Lots of people think they’re allergic to penicillin, but aren’t — so when they have infections, doctors are obliged to skip the front-line drugs, which accelerates the pace of antibiotic resistance in common bacteria.
A study in the Journal of Allergy and Clinical Immunology shows that testing for penicillin allergies before deploying second-line antibiotics can result in a six-fold increase in penicillin prescriptions.
But of those 43, skin test results showed that none were allergic to penicillin or similar antibiotics. The results prompted a six-fold increased rate of prescribing penicillin and similar drugs in that group.
The clinical guideline group saw a two-fold improvement in prescriptions. That guideline simply prompted doctors to rethink each patients’ allergy and assign him or her into risk categories for having an allergic reaction to a penicillin or similar antibiotic. The risk categories started at “very low risk,” which meant doctors could just give them the antibiotic—allergy shmallergy. Low- and medium-risk groups prompted the doctor to test out a low dose of antibiotic or consult with an allergist. And for the highest-risk patients, the doctor just avoided the drugs.
“The interventions implemented challenged the status quo by introducing a new process (i.e., skin testing) and a new technology (i.e., computerized guideline) to change the care of inpatients labeled ‘penicillin-allergic,’” the authors concluded.

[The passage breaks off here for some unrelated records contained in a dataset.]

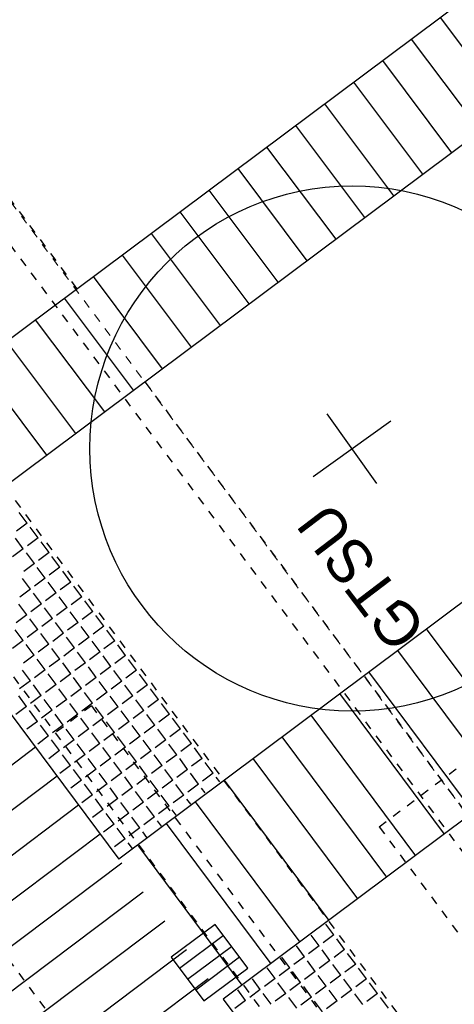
# Model space of a CAD drawing. Header units: metres. Extents: x 2 to 485, y 6 to 594.
# Tile 49 of 176: x 241 to 246, y 229 to 241. Entities that reach past the tile are written whole.
import ezdxf

# ---------------------------------------------------------------- set-up
doc = ezdxf.new("R2010")
doc.units = ezdxf.units.M
doc.header["$LTSCALE"] = 0.0125
for name, pattern in [('237-14_Züricher Str._GL_3_RW_2014-11-28_bea$0$STRICHPUNKT2', [12.7, 6.35, -3.175, 0, -3.175]), ('260241_A_bea$0$GESTRICHELT', [0.4, 0.2, -0.2]), ('260241_A_bea$0$PUNKTIERT', [0.2, 0, -0.2]), ('GESTRICHELT', [0.4, 0.2, -0.2]), ('GEWOFAG_Hof 3_141022_Grundriss_bea$0$AUSGEZOGEN', [0]), ('GEWOFAG_Hof 3_141022_Grundriss_bea$0$VERDECKT2_S2', [0.15, 0.1, -0.05])]:
    doc.linetypes.add(name, pattern=pattern)
for name, color, linetype in [('237-14_Züricher Str._GL_3_RW_2014-11-28_bea$0$_GRU_Drainage', 54, '237-14_Züricher Str._GL_3_RW_2014-11-28_bea$0$STRICHPUNKT2'), ('260241_A_bea$0$B10_GEBAEUDE', 1, 'Continuous'), ('260241_A_bea$0$B25_EINFASS_GEPKT', 7, '260241_A_bea$0$PUNKTIERT'), ('f_baum', 3, 'Continuous'), ('f_feuerwehr', 10, 'Continuous'), ('f_schraff', 251, 'Continuous'), ('f_text_100', 7, 'Continuous'), ('f_weg', 2, 'Continuous')]:
    doc.layers.add(name, color=color, linetype=linetype)
doc.layers.add('GEWOFAG_Hof 3_141022_Grundriss_bea$0$STANDARD', color=7, linetype='GEWOFAG_Hof 3_141022_Grundriss_bea$0$AUSGEZOGEN', lineweight=13)

msp = doc.modelspace()

# ---------------------------------------------------------------- linework, layer by layer
at = {"color": 252}
for p, q in [((243.292, 230.272), (242.791, 229.898)), ((243.666, 229.771), (243.292, 230.272)), ((242.885, 229.773), (243.385, 230.146)), ((242.978, 229.647), (243.479, 230.021)), ((242.791, 229.898), (243.165, 229.397)), ((243.572, 229.896), (243.072, 229.522)), ((243.165, 229.397), (243.666, 229.771))]:
    msp.add_line(p, q, dxfattribs=at)
at = {"layer": '237-14_Züricher Str._GL_3_RW_2014-11-28_bea$0$_GRU_Drainage'}
msp.add_line((240.946, 238.038), (249.322, 226.813), dxfattribs=at)
at = {"layer": '260241_A_bea$0$B10_GEBAEUDE', "color": 7, "linetype": '260241_A_bea$0$GESTRICHELT'}
for q in [(254.191, 238.164), (255.735, 217.184)]:
    msp.add_line((245.17, 231.388), q, dxfattribs=at)
at = {"layer": '260241_A_bea$0$B25_EINFASS_GEPKT', "color": 7, "linetype": '260241_A_bea$0$PUNKTIERT', "ltscale": 0.5}
for p, q in [((239.788, 234.704), (246.867, 225.222)), ((241.877, 232.77), (241.463, 232.461)), ((241.877, 232.77), (254.222, 216.282)), ((242.062, 228.35), (239.936, 231.215))]:
    msp.add_line(p, q, dxfattribs=at)
at = {"layer": 'f_baum', "ltscale": 0.5}
for p, q in [((245.144, 235.31), (244.574, 236.105)), ((244.413, 235.388), (245.304, 236.027))]:
    msp.add_line(p, q, dxfattribs=at)
msp.add_circle((244.86, 235.709), 3, dxfattribs=at)
at = {"layer": 'f_feuerwehr', "linetype": 'GESTRICHELT'}
for p, q in [((214.014, 274.64), (241.711, 237.532)), ((242.488, 236.47), (247.99, 229.098)), ((240.885, 235.274), (246.387, 227.902))]:
    msp.add_line(p, q, dxfattribs=at)
at = {"layer": 'f_schraff', "linetype": 'Continuous'}
for p, q in [((246.661, 239.582), (245.871, 240.634)), ((246.331, 239.335), (245.54, 240.387)), ((246, 239.089), (245.21, 240.141)), ((245.669, 238.842), (244.879, 239.894)), ((245.338, 238.595), (244.548, 239.647)), ((245.007, 238.348), (244.217, 239.4)), ((244.676, 238.101), (243.886, 239.153)), ((244.345, 237.855), (243.555, 238.907)), ((244.015, 237.608), (243.224, 238.66)), ((243.684, 237.361), (242.893, 238.413)), ((243.353, 237.114), (242.563, 238.166)), ((243.022, 236.868), (242.232, 237.92)), ((242.691, 236.621), (241.901, 237.673)), ((242.36, 236.374), (241.57, 237.426)), ((242.029, 236.127), (241.239, 237.179)), ((241.699, 235.88), (240.908, 236.933)), ((241.368, 235.634), (240.577, 236.686)), ((241.141, 234.856), (241.05, 234.978)), ((241.141, 234.856), (241.019, 234.765)), ((241.266, 234.688), (241.175, 234.81)), ((241.098, 234.563), (241.007, 234.685)), ((241.266, 234.688), (241.144, 234.597)), ((241.392, 234.52), (241.301, 234.642)), ((241.098, 234.563), (240.976, 234.472)), ((241.224, 234.395), (241.133, 234.517)), ((241.392, 234.52), (241.27, 234.429)), ((241.517, 234.352), (241.426, 234.474)), ((241.224, 234.395), (241.102, 234.304)), ((241.349, 234.227), (241.258, 234.349)), ((241.517, 234.352), (241.395, 234.261)), ((241.642, 234.184), (241.551, 234.306)), ((241.181, 234.101), (241.09, 234.224)), ((241.349, 234.227), (241.227, 234.136)), ((241.474, 234.059), (241.383, 234.181)), ((241.642, 234.184), (241.52, 234.093)), ((241.768, 234.016), (241.677, 234.138)), ((241.181, 234.101), (241.059, 234.01)), ((241.306, 233.933), (241.215, 234.056)), ((241.474, 234.059), (241.352, 233.968)), ((241.6, 233.891), (241.509, 234.013)), ((241.768, 234.016), (241.646, 233.925)), ((241.139, 233.808), (241.047, 233.93)), ((241.306, 233.933), (241.184, 233.842)), ((241.893, 233.848), (241.802, 233.97)), ((241.139, 233.808), (241.016, 233.717)), ((241.432, 233.766), (241.341, 233.888)), ((241.6, 233.891), (241.478, 233.8)), ((241.725, 233.723), (241.634, 233.845)), ((241.893, 233.848), (241.771, 233.757)), ((242.018, 233.68), (241.927, 233.802)), ((241.264, 233.64), (241.173, 233.762)), ((241.432, 233.766), (241.31, 233.674)), ((241.557, 233.598), (241.466, 233.72)), ((241.725, 233.723), (241.603, 233.632)), ((241.85, 233.555), (241.759, 233.677)), ((242.018, 233.68), (241.896, 233.589)), ((241.096, 233.515), (241.005, 233.637)), ((241.264, 233.64), (241.142, 233.549)), ((241.389, 233.472), (241.298, 233.594)), ((241.557, 233.598), (241.435, 233.506)), ((241.85, 233.555), (241.728, 233.464)), ((242.144, 233.512), (242.052, 233.634)), ((245.709, 233.65), (248.103, 230.442)), ((241.096, 233.515), (240.974, 233.424)), ((241.221, 233.347), (241.13, 233.469)), ((241.389, 233.472), (241.267, 233.381)), ((241.682, 233.43), (241.591, 233.552)), ((241.976, 233.387), (241.885, 233.509)), ((242.144, 233.512), (242.021, 233.421)), ((242.269, 233.344), (242.178, 233.467)), ((241.221, 233.347), (241.099, 233.256)), ((241.514, 233.304), (241.423, 233.426)), ((241.682, 233.43), (241.56, 233.338)), ((241.808, 233.262), (241.717, 233.384)), ((241.976, 233.387), (241.854, 233.296)), ((242.101, 233.219), (242.01, 233.341)), ((242.269, 233.344), (242.147, 233.253)), ((245.379, 233.403), (247.772, 230.195)), ((241.347, 233.179), (241.255, 233.301)), ((241.514, 233.304), (241.392, 233.213)), ((241.64, 233.136), (241.549, 233.259)), ((241.808, 233.262), (241.686, 233.171)), ((242.101, 233.219), (241.979, 233.128)), ((242.394, 233.176), (242.303, 233.299)), ((241.179, 233.054), (241.087, 233.176)), ((241.347, 233.179), (241.224, 233.088)), ((241.472, 233.011), (241.381, 233.133)), ((241.64, 233.136), (241.518, 233.045)), ((241.933, 233.094), (241.842, 233.216)), ((242.226, 233.051), (242.135, 233.173)), ((242.394, 233.176), (242.272, 233.085)), ((242.52, 233.008), (242.428, 233.131)), ((245.048, 233.156), (247.441, 229.949)), ((241.179, 233.054), (241.056, 232.963)), ((241.304, 232.886), (241.213, 233.008)), ((241.472, 233.011), (241.35, 232.92)), ((241.765, 232.968), (241.674, 233.091)), ((241.933, 233.094), (241.811, 233.003)), ((242.058, 232.926), (241.967, 233.048)), ((242.226, 233.051), (242.104, 232.96)), ((242.352, 232.883), (242.26, 233.005)), ((242.52, 233.008), (242.397, 232.917)), ((241.136, 232.76), (241.045, 232.883)), ((241.304, 232.886), (241.182, 232.795)), ((241.597, 232.843), (241.506, 232.965)), ((241.765, 232.968), (241.643, 232.877)), ((241.89, 232.8), (241.799, 232.923)), ((242.058, 232.926), (241.936, 232.835)), ((242.184, 232.758), (242.093, 232.88)), ((242.352, 232.883), (242.229, 232.792)), ((242.645, 232.841), (242.554, 232.963)), ((244.717, 232.909), (245.915, 231.304)), ((241.429, 232.718), (241.338, 232.84)), ((241.597, 232.843), (241.475, 232.752)), ((241.722, 232.675), (241.631, 232.797)), ((241.89, 232.8), (241.768, 232.709)), ((242.477, 232.715), (242.386, 232.837)), ((242.645, 232.841), (242.523, 232.749)), ((242.77, 232.673), (242.679, 232.795)), ((241.136, 232.76), (241.014, 232.669)), ((241.261, 232.592), (241.17, 232.715)), ((241.429, 232.718), (241.307, 232.627)), ((241.555, 232.55), (241.463, 232.672)), ((241.722, 232.675), (241.6, 232.584)), ((242.016, 232.633), (241.925, 232.755)), ((242.184, 232.758), (242.062, 232.667)), ((242.309, 232.59), (242.218, 232.712)), ((242.477, 232.715), (242.355, 232.624)), ((242.602, 232.547), (242.511, 232.669)), ((242.77, 232.673), (242.648, 232.581)), ((244.387, 232.661), (245.584, 231.057)), ((241.261, 232.592), (241.139, 232.501)), ((241.387, 232.425), (241.295, 232.547)), ((241.555, 232.55), (241.432, 232.459)), ((241.848, 232.507), (241.757, 232.629)), ((242.016, 232.633), (241.894, 232.541)), ((242.141, 232.465), (242.05, 232.587)), ((242.309, 232.59), (242.187, 232.499)), ((242.434, 232.422), (242.343, 232.544)), ((242.602, 232.547), (242.48, 232.456)), ((242.896, 232.505), (242.804, 232.627)), ((241.68, 232.382), (241.589, 232.504)), ((241.848, 232.507), (241.726, 232.416)), ((241.973, 232.339), (241.882, 232.461)), ((242.141, 232.465), (242.019, 232.373)), ((242.728, 232.379), (242.636, 232.501)), ((242.896, 232.505), (242.773, 232.413)), ((243.021, 232.337), (242.93, 232.459)), ((241.387, 232.425), (241.264, 232.333)), ((241.512, 232.257), (241.421, 232.379)), ((241.68, 232.382), (241.558, 232.291)), ((241.805, 232.214), (241.714, 232.336)), ((241.973, 232.339), (241.851, 232.248)), ((242.266, 232.297), (242.175, 232.419)), ((242.434, 232.422), (242.312, 232.331)), ((242.56, 232.254), (242.468, 232.376)), ((242.728, 232.379), (242.605, 232.288)), ((242.853, 232.211), (242.762, 232.333)), ((243.021, 232.337), (242.899, 232.246)), ((244.056, 232.414), (245.253, 230.81)), ((241.237, 232.295), (239.643, 231.098)), ((241.512, 232.257), (241.39, 232.165)), ((241.637, 232.089), (241.546, 232.211)), ((241.805, 232.214), (241.683, 232.123)), ((242.098, 232.171), (242.007, 232.293)), ((242.266, 232.297), (242.144, 232.205)), ((242.392, 232.129), (242.301, 232.251)), ((242.56, 232.254), (242.437, 232.163)), ((242.685, 232.086), (242.594, 232.208)), ((242.853, 232.211), (242.731, 232.12)), ((243.146, 232.169), (243.055, 232.291)), ((241.93, 232.046), (241.839, 232.168)), ((242.098, 232.171), (241.976, 232.08)), ((242.224, 232.003), (242.133, 232.125)), ((242.392, 232.129), (242.27, 232.038)), ((242.978, 232.043), (242.887, 232.166)), ((243.146, 232.169), (243.024, 232.078)), ((243.271, 232.001), (243.18, 232.123)), ((243.726, 232.167), (244.923, 230.563)), ((241.637, 232.089), (241.515, 231.997)), ((241.762, 231.921), (241.671, 232.043)), ((241.93, 232.046), (241.808, 231.955)), ((242.056, 231.878), (241.965, 232)), ((242.224, 232.003), (242.102, 231.912)), ((242.517, 231.961), (242.426, 232.083)), ((242.685, 232.086), (242.563, 231.995)), ((242.81, 231.918), (242.719, 232.04)), ((242.978, 232.043), (242.856, 231.952)), ((243.103, 231.875), (243.012, 231.998)), ((243.271, 232.001), (243.149, 231.91)), ((241.484, 231.964), (239.89, 230.767)), ((241.762, 231.921), (241.64, 231.83)), ((241.888, 231.753), (241.797, 231.875)), ((242.056, 231.878), (241.934, 231.787)), ((242.349, 231.835), (242.258, 231.958)), ((242.517, 231.961), (242.395, 231.87)), ((242.642, 231.793), (242.551, 231.915)), ((242.81, 231.918), (242.688, 231.827)), ((242.936, 231.75), (242.844, 231.872)), ((243.103, 231.875), (242.981, 231.784)), ((243.346, 231.901), (243.306, 231.955)), ((243.395, 231.92), (244.592, 230.316)), ((242.181, 231.71), (242.09, 231.832)), ((242.349, 231.835), (242.227, 231.744)), ((242.474, 231.667), (242.383, 231.79)), ((242.642, 231.793), (242.52, 231.702)), ((243.179, 231.774), (243.138, 231.83)), ((241.888, 231.753), (241.766, 231.662)), ((242.013, 231.585), (241.922, 231.707)), ((242.181, 231.71), (242.059, 231.619)), ((242.306, 231.542), (242.215, 231.664)), ((242.474, 231.667), (242.352, 231.576)), ((242.768, 231.625), (242.676, 231.747)), ((242.936, 231.75), (242.813, 231.659)), ((243.013, 231.647), (242.97, 231.704)), ((243.064, 231.673), (244.261, 230.069)), ((241.731, 231.633), (240.136, 230.436)), ((242.013, 231.585), (241.891, 231.494)), ((242.138, 231.417), (242.047, 231.539)), ((242.306, 231.542), (242.184, 231.451)), ((242.6, 231.499), (242.509, 231.622)), ((242.768, 231.625), (242.645, 231.534)), ((242.846, 231.52), (242.802, 231.579)), ((242.138, 231.417), (242.016, 231.326)), ((242.432, 231.374), (242.341, 231.496)), ((242.6, 231.499), (242.477, 231.408)), ((242.679, 231.393), (242.634, 231.454)), ((242.734, 231.426), (243.93, 229.822)), ((242.264, 231.249), (242.173, 231.371)), ((242.432, 231.374), (242.31, 231.283)), ((242.513, 231.266), (242.466, 231.328)), ((241.977, 231.303), (240.383, 230.105)), ((242.264, 231.249), (242.142, 231.158)), ((242.346, 231.138), (242.298, 231.203)), ((242.403, 231.179), (243.599, 229.576)), ((242.224, 230.972), (240.629, 229.774)), ((242.471, 230.641), (240.875, 229.442)), ((242.718, 230.31), (241.122, 229.111)), ((244.65, 230.153), (244.559, 230.275)), ((244.482, 230.028), (244.391, 230.15)), ((244.65, 230.153), (244.528, 230.062)), ((244.775, 229.985), (244.684, 230.107)), ((242.965, 229.98), (241.368, 228.78)), ((244.314, 229.903), (244.223, 230.025)), ((244.482, 230.028), (244.36, 229.937)), ((244.607, 229.86), (244.516, 229.982)), ((244.775, 229.985), (244.653, 229.894)), ((244.146, 229.777), (244.055, 229.899)), ((244.314, 229.903), (244.192, 229.812)), ((244.439, 229.735), (244.348, 229.857)), ((244.607, 229.86), (244.485, 229.769)), ((244.901, 229.817), (244.809, 229.94)), ((243.978, 229.652), (243.887, 229.774)), ((244.146, 229.777), (244.024, 229.686)), ((244.271, 229.609), (244.18, 229.732)), ((244.439, 229.735), (244.317, 229.644)), ((244.733, 229.692), (244.641, 229.814)), ((244.901, 229.817), (244.778, 229.726)), ((245.026, 229.649), (244.935, 229.772)), ((243.212, 229.649), (241.614, 228.449)), ((243.81, 229.527), (243.719, 229.649)), ((243.978, 229.652), (243.856, 229.561)), ((244.565, 229.567), (244.473, 229.689)), ((244.733, 229.692), (244.61, 229.601)), ((244.858, 229.524), (244.767, 229.646)), ((245.026, 229.649), (244.904, 229.558)), ((243.642, 229.401), (243.551, 229.524)), ((243.81, 229.527), (243.688, 229.436)), ((244.103, 229.484), (244.012, 229.606)), ((244.271, 229.609), (244.149, 229.518)), ((244.397, 229.441), (244.306, 229.564)), ((244.565, 229.567), (244.442, 229.476)), ((244.69, 229.399), (244.599, 229.521)), ((244.858, 229.524), (244.736, 229.433)), ((245.151, 229.481), (245.06, 229.604)), ((243.642, 229.401), (243.52, 229.31)), ((243.935, 229.359), (243.844, 229.481)), ((244.103, 229.484), (243.981, 229.393)), ((244.229, 229.316), (244.138, 229.438)), ((244.397, 229.441), (244.275, 229.35)), ((244.522, 229.273), (244.431, 229.396)), ((244.69, 229.399), (244.568, 229.308)), ((244.983, 229.356), (244.892, 229.478)), ((245.151, 229.481), (245.029, 229.39)), ((245.276, 229.314), (245.185, 229.436))]:
    msp.add_line(p, q, dxfattribs=at)
at = {"layer": 'f_weg'}
for p, q in [((259.545, 250.833), (238.905, 235.439)), ((258.28, 248.243), (239.683, 234.377)), ((254.222, 239.998), (242.189, 231.019)), ((239.683, 234.377), (242.189, 231.019)), ((246.189, 231.508), (243.386, 229.416)), ((243.386, 229.416), (245.403, 226.713))]:
    msp.add_line(p, q, dxfattribs=at)
at = {"layer": 'GEWOFAG_Hof 3_141022_Grundriss_bea$0$STANDARD', "color": 7, "linetype": 'GEWOFAG_Hof 3_141022_Grundriss_bea$0$VERDECKT2_S2', "lineweight": 18}
msp.add_line((249.028, 227.702), (240.956, 238.523), dxfattribs=at)

# ---------------------------------------------------------------- texts
at = {"layer": 'f_text_100'}
msp.add_text('GTSU', height=0.5, rotation=127.224, dxfattribs=at).set_placement((245.728, 233.651))

doc.saveas('drawing.dxf')

Though hospitals and doctors can be slow to change, they’re hopeful that the study offers a few steps forward to improving antibiotic stewardship and patient care.
Tackling Inpatient Penicillin Allergies: Tools for Antimicrobial Stewardship
[Kimberly G. Blumenthal, Paige G. Wickner, Shelley Hurwitz, Nicholas Pricco, Alexandra E. Nee, Karl Laskowski, Erica S. Shenoy and Rochelle P. Walensky/Journal of Allergy and Clinical Immunology]
False penicillin allergies fuel superbugs—and doctors are fighting back
[Beth Mole/Ars Technica]
(Image: Antibiotic sensitvity and resistance, Dr Graham Beards, CC-BY-SA)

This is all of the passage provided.